La Fameuse Invasion des ours en Sicile, c’est à la base un conte de Dino Buzzati, écrivain italien bien connu pour Le Désert des tartares. C’est maintenant un dessin animé signé de la main d’un des maîtres du 9e art, Lorenzo Mattotti. L’histoire raconte comment Tonio, le fils du roi des ours, est enlevé par des chasseurs dans les montagnes de Sicile et comment l’empereur décide alors d’envahir la plaine où habitent les hommes afin de sauver son rejeton.
Rencontre avec Lorenzo Mattotti, artiste de grand talent qui a mis des années à peaufiner ce long métrage d’animation aux couleurs lumineuses et aux personnages animaliers attachants.
Le Clap : Votre film est l’adaptation du conte La Fameuse Invasion de la Sicile par les ours (NDLR : titre légèrement différent de celui du film) de Dino Buzzati datant de 1945. C’est un conte qui a marqué votre enfance italienne?
Lorenzo Mattotti : Oh oui. Ça a été une grande inspiration et pour le texte et pour les illustrations. On connaît peu le talent de dessinateurs de Buzzati qui a, de plus, une façon unique de raconter des histoires. Mon dessin animé est parti de son univers littéraire et graphique.
Le Clap : Dans le dessin animé Peur(s) du noir,œuvre collective sortie en 2007, vous étiez plusieurs artistes à travailler sur vos différentes parties. Avec cette adaptation, vous étiez seul aux commandes. Le défi était plus grand, plus lourd inévitablement?
LM : Oui vraiment. J’ai passé cinq ans à travailler sur ce film et pour moi c’est très long. Mais c’était important d’arriver à ce résultat, une grande histoire conçue pour les jeunes. À la base, il y avait un bel intérêt de ma part et des producteurs, soit la question de faire en sorte que ce patrimoine italien ne tombe pas dans l’oubli. Et dans la facture visuelle du film, c’était important d’avoir quelque chose d’intemporel. Et même dans le récit aussi. Les jeunes sont ouverts à ça. Il faut leur faire connaître les grands classiques.
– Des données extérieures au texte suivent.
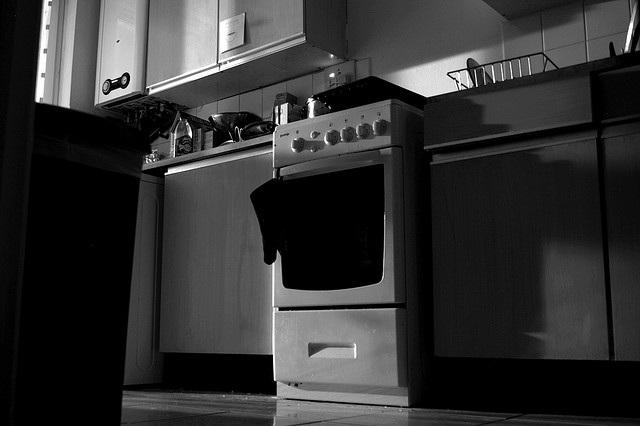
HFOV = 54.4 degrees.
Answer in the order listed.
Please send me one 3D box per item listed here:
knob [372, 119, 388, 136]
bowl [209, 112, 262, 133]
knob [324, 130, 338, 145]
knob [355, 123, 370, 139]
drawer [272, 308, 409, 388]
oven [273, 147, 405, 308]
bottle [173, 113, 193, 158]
[{"bbox_3d":[0.224,-0.316,2.304,0.052,0.074,0.039,-4,-10,39],"label":"knob"},{"bbox_3d":[-0.473,-0.499,3.397,0.283,0.138,0.122,-2,-12,-1],"label":"bowl"},{"bbox_3d":[0.040,-0.290,2.399,0.051,0.052,0.015,3,-3,42],"label":"knob"},{"bbox_3d":[0.157,-0.309,2.336,0.058,0.063,0.022,-9,-14,27],"label":"knob"},{"bbox_3d":[0.130,0.542,2.404,0.558,0.342,0.304,-7,-9,32],"label":"drawer"},{"bbox_3d":[0.113,0.138,2.606,0.580,0.697,0.543,-9,-15,36],"label":"oven"},{"bbox_3d":[-0.737,-0.419,3.407,0.098,0.071,0.239,-6,-50,-15],"label":"bottle"}]
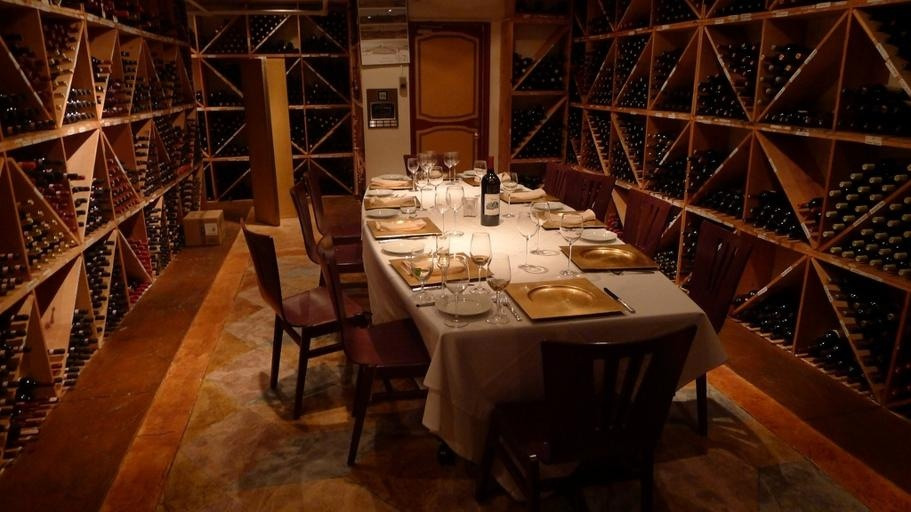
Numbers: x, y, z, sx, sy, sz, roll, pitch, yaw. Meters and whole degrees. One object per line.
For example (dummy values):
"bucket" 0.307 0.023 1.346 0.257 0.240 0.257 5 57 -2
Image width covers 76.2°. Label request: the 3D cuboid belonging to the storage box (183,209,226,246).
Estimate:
"storage box" -3.334 -0.386 7.745 0.457 0.344 0.475 3 28 -10
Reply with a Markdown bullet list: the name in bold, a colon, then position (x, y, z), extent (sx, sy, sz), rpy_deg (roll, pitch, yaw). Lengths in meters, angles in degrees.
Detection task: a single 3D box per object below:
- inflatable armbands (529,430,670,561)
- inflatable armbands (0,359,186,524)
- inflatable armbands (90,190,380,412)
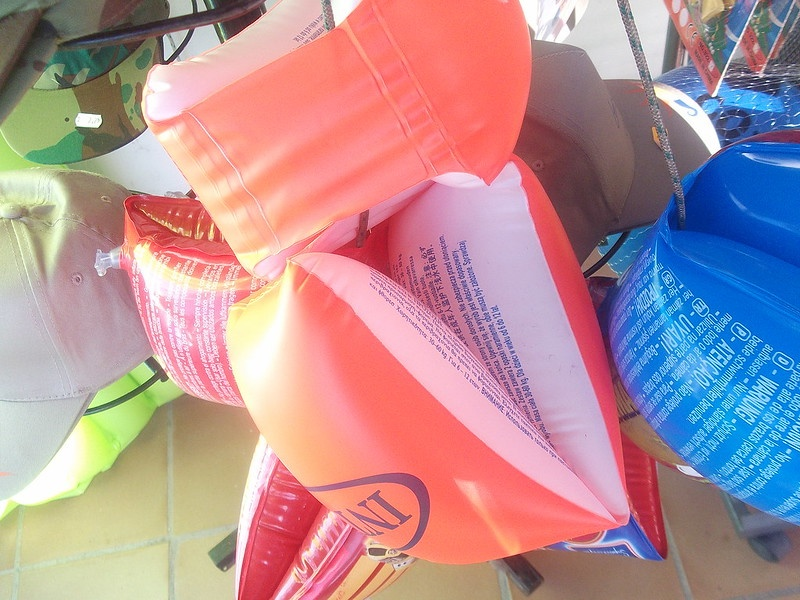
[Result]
- **inflatable armbands**: position (0.371, 0.327, 1.092), extent (0.073, 0.241, 0.206), rpy_deg (1, -5, -20)
- **inflatable armbands**: position (-0.865, 0.395, 1.843), extent (0.609, 0.173, 0.377), rpy_deg (-54, 24, -6)
- **inflatable armbands**: position (-0.332, 0.089, 1.290), extent (0.513, 0.222, 0.409), rpy_deg (25, 57, 34)

Le Clap : Le budget de votre long métrage est de 11 millions d’euros. Dans le domaine de l’animation, c’est peu, non?
LM : Ça peut paraître beaucoup pour un film européen mais oui, pour un dessin animé de ce type, c’est peu. Nos personnages sont en 2D d’ailleurs. C’est évidemment moins cher, mais heureusement, le budget sert à s’entourer d’une belle bande de collaborateurs dont plusieurs avaient travaillé sur La Tortue rouge. On a essayé tous ensemble de faire de ce dessin animé un grand spectacle pour le grand écran. Je suis très fier du résultat, mais ça a été une longue aventure.
Le Clap : Avez-vous envie d’en faire un autre ?
LM : Hum, si l’aventure justement ne durait que deux ans plutôt que cinq ou encore si j’avais 30 ans plutôt que le double, oui. Mais sinon, l’illustration m’attend et j’ai hâte de retourner dans mon atelier et de recommencer à faire de la peinture.
Le Clap : Quelles sont vos principales influences en illustration, en BD ou en dessins animés?
LM : Mes influences sont celles de quelques grands peintres comme Francis Bacon et aussi des dessinateurs de BD sud-américains impressionnistes. Il y a également Disney le visionnaire, Miyazaki, Yellow Submarine et Roland Topor qui ont été importants pour moi.
Le Clap : Le film est une coproduction entre la France et l’Italie. Comment va l’industrie italienne du cinéma actuellement?
LM : J’ai beau vivre en France, je sais que la situation n’est pas rose. Le cinéma italien s’est replié sur lui-même depuis plusieurs années. En gros, le cinéma italien actuel se limite aux comédies populaires qui ne s’exportent pas vraiment. Mais heureusement il y a quand même Garrone, Sorrentino, Moretti et Pietro Marcello qui font des films très intéressants.
La Fameuse Invasion des ours en Sicile sera à l’affiche au Clap dès le 28 février.
Cette entrevue a été réalisée sur invitation, dans le cadre de la 22e édition des Rendez-vous du cinéma d’UniFrance 2020, à Paris.